**Extracted records:**
------
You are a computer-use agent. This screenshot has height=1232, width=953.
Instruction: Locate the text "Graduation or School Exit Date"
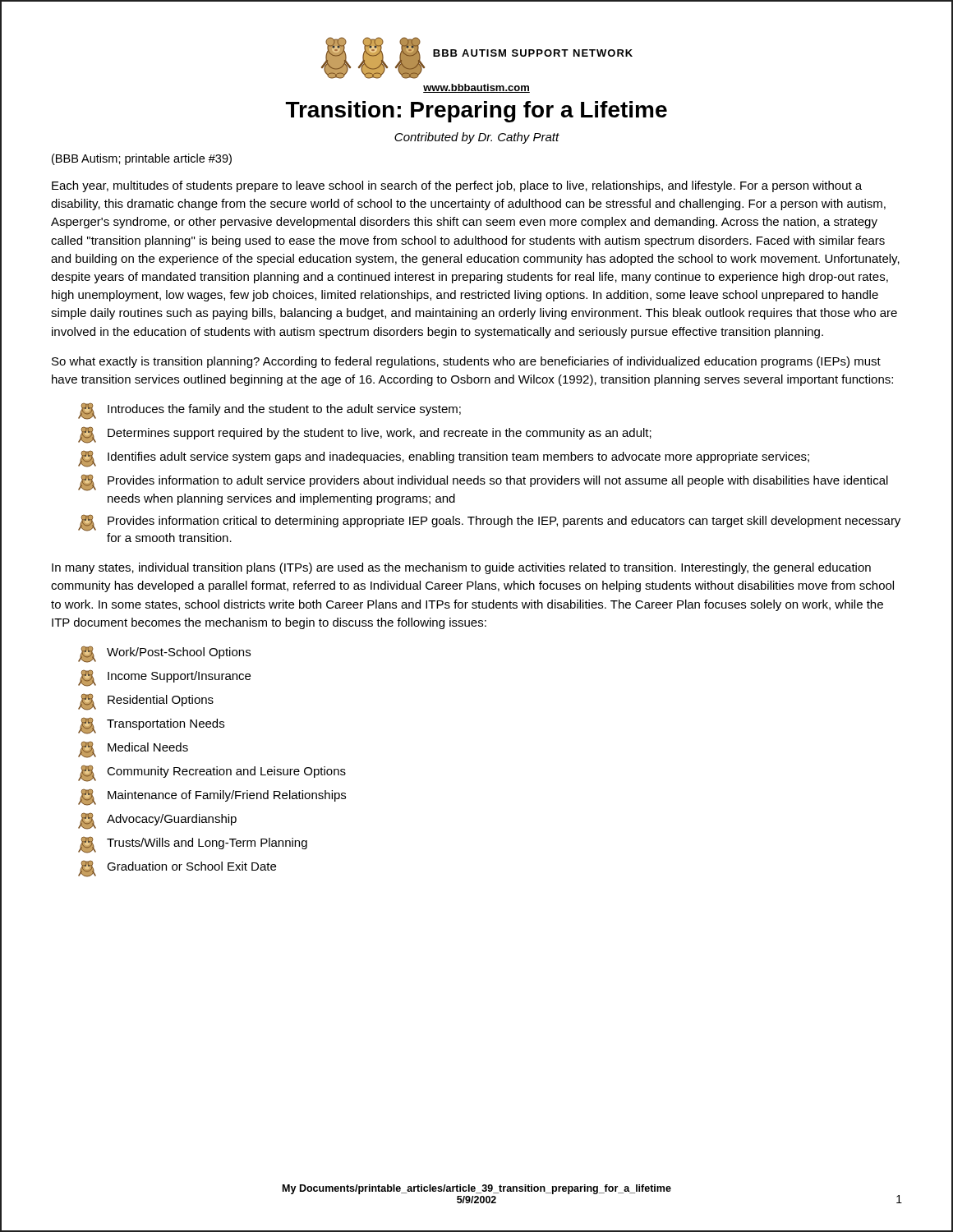click(x=176, y=867)
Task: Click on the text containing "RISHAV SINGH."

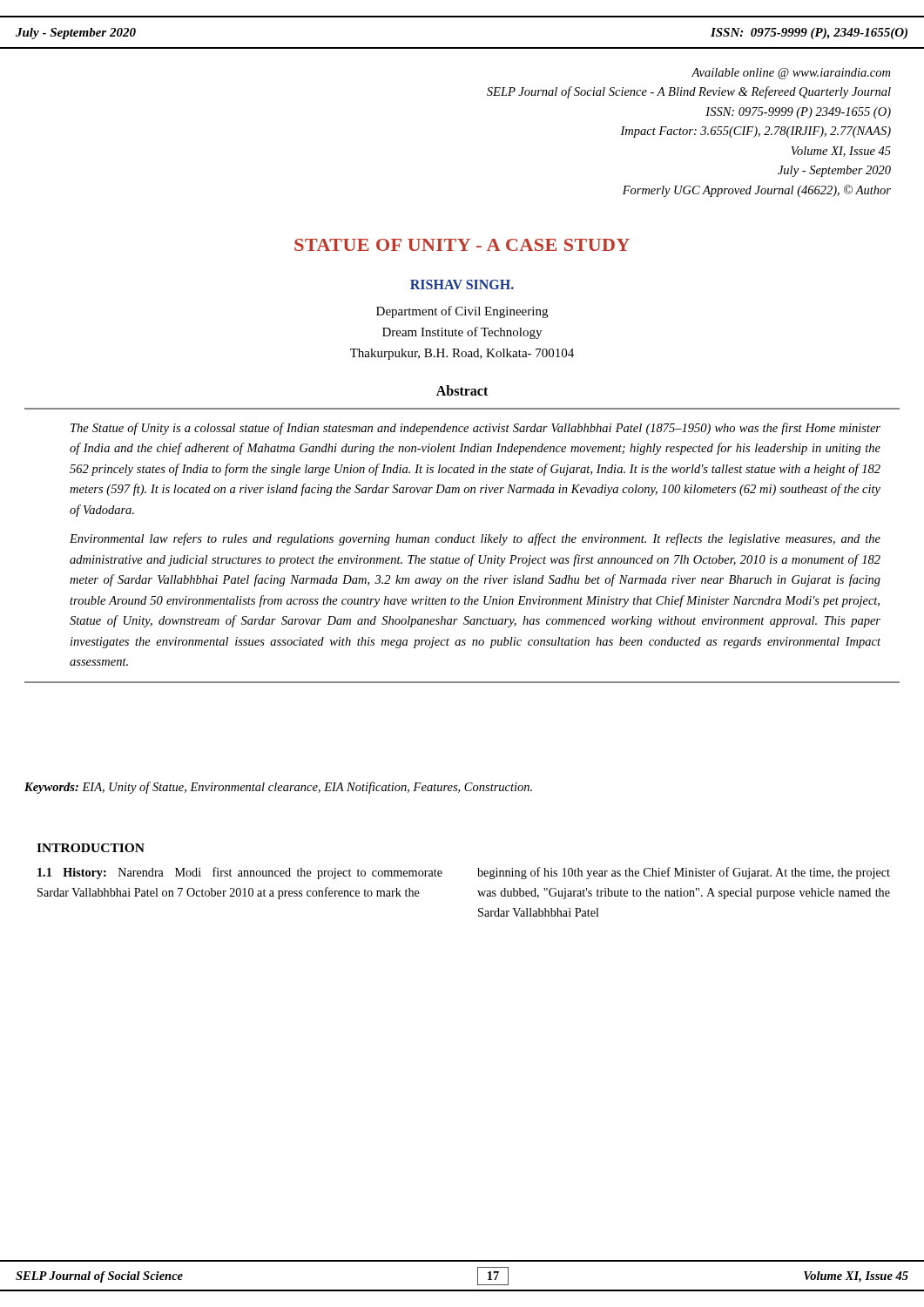Action: point(462,284)
------
**Task goal:**
Exactly the lines from the line that contains "Instruction: Locate the" through the last line above, and no other lines, must be output, with pictures excluded.

**Result:**
Instruction: Locate the text "Graduation or School Exit Date"
click(x=176, y=867)
Task: Click on the text containing "RISHAV SINGH."

Action: point(462,284)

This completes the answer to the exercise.